Ré-édition de 1948 de l'Histoire de Belgique

L'œuvre d'Henri Pirenne qui lui procura, bien au delà du monde des historiens, la grande notoriété fut l'Histoire de Belgique. Elle comporte sept volumes parus à Bruxelles, dont le premier vit le jour en 1900, le dernier - on l'a dit - en 1932. L'idée venait de Lamprecht. A l' « Historikertag » allemand de   Leipzig   en   1894,   c'est   lui   qui engagea Pirenne à écrire une histoire de son pays pour la  Geschichte der europäischen Staaten dite de Heeren-Uckert, qu'il dirigeait. Pirenne hésita, puis   accepta   audacieusement   cette tâche redoutable, comme il l'a rappelé lui-même   dans   un   texte   reproduit plus haut.  Les  quatre premiers volumes  parurent,  en  effet,   à  Gotha, dans cette vénérable collection, remarquablement traduits en allemand par Fritz Arnheim (Geschichte Belgiens) ; le premier volume fut même publié en allemand   dès   1899,   quelques   mois avant le texte original français. Chacun des volumes français a connu plusieurs   éditions,   qui   du   vivant   de l'auteur furent toutes revues et corrigées ; la 5e édition du tome Ier (1929) fut même assez largement remaniée. Une traduction néerlandaise de l'ouvrage fut procurée par R. Delbecq ; elle comporte 7 volumes, parus à Gand, de   1902   à   1933   (Geschiedenis van België). On a donné depuis une édition de l'ouvrage en quatre volumes in-4° (Bruxelles, 1948-1952) ; elle reproduit le texte des dernières éditions revues par l'auteur et elle est munie d'une remarquable illustration documentaire recueillie   par   Frans   Schauwers   et Jacques Paquet. Une nouvelle édition néerlandaise de même structure et de même caractère a paru à Bruxelles en 1954 ; la traduction a été dirigée par Adolf Van Loey. Dans ces deux éditions on a donné au texte de Pirenne qui s'arrête à la veille de la première guerre mondiale, une suite due à divers auteurs. Il est permis de ne pas trouver l'idée heureuse.

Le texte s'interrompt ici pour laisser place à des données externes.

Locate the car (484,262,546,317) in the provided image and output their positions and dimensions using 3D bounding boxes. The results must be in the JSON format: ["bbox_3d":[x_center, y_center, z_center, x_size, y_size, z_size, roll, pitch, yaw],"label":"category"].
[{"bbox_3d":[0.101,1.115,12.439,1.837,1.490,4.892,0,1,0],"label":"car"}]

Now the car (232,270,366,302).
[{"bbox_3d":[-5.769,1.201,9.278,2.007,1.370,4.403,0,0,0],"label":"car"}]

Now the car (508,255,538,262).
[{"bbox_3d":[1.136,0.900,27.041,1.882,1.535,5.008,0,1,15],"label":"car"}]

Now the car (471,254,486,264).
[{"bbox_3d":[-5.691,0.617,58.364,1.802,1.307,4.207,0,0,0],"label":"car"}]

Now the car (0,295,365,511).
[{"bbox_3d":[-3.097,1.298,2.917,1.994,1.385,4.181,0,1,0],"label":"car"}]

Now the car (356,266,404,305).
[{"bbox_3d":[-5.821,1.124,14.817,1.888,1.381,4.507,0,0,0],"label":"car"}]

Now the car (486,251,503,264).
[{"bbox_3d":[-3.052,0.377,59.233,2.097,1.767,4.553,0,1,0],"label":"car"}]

Pirenne était bien préparé à traiter son sujet, tout particulièrement sa fraction médiévale à laquelle furent consacrés les deux premiers volumes. Ses travaux d'érudition, ses mémoires consacrés à des points particuliers de l'histoire de Belgique, ses recherches sur les villes, sur l'industrie drapière, sur le commerce des anciens Pays-Bas dont il sera question plus loin, assurèrent à son œuvre des assises remarquablement solides.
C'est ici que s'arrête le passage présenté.